▶ Task brief: Reproduce the full listing below exactly. Do not include the pictures.

▶ Data section:
*** Begin section ***

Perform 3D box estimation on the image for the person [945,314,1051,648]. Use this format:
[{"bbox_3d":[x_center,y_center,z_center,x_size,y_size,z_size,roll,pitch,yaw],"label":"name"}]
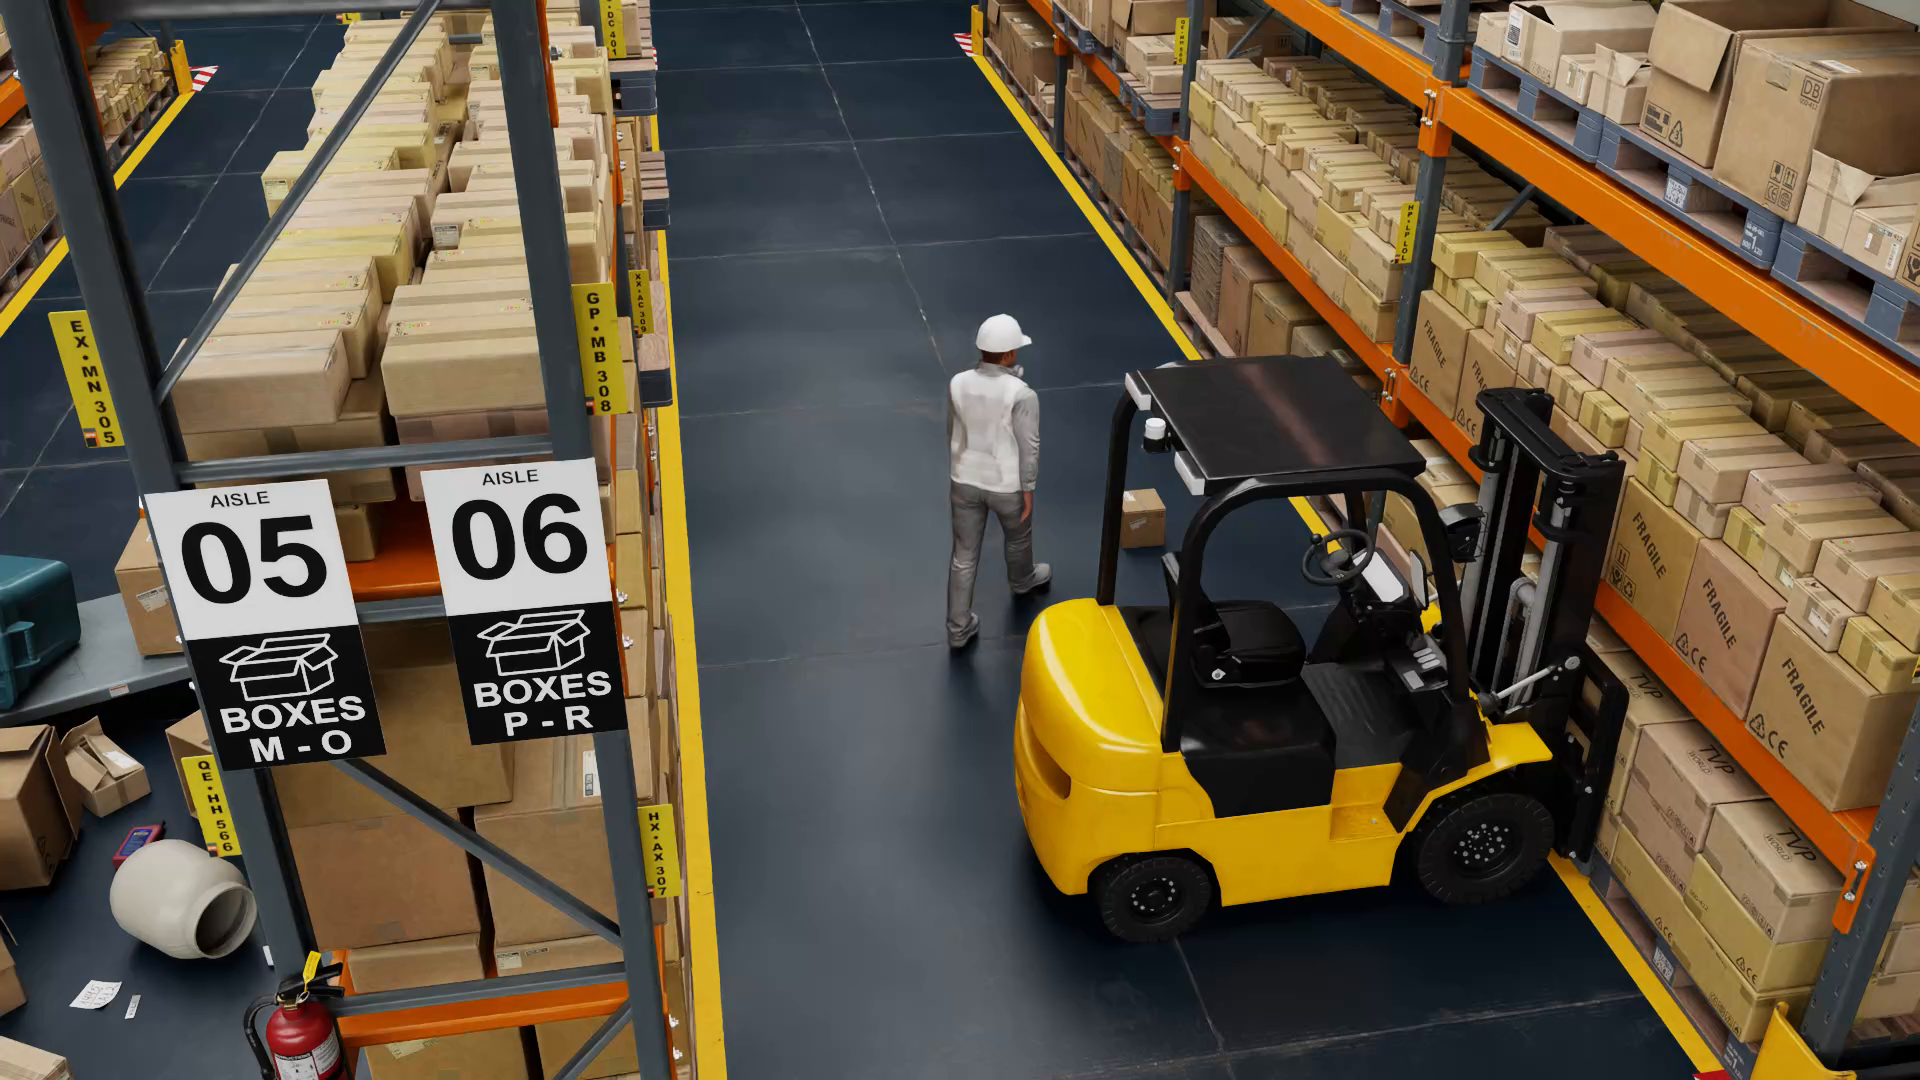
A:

*** End section ***

▶ Finished task:
Perform 3D box estimation on the image for the person [945,314,1051,648]. Use this format:
[{"bbox_3d":[x_center,y_center,z_center,x_size,y_size,z_size,roll,pitch,yaw],"label":"name"}]
A:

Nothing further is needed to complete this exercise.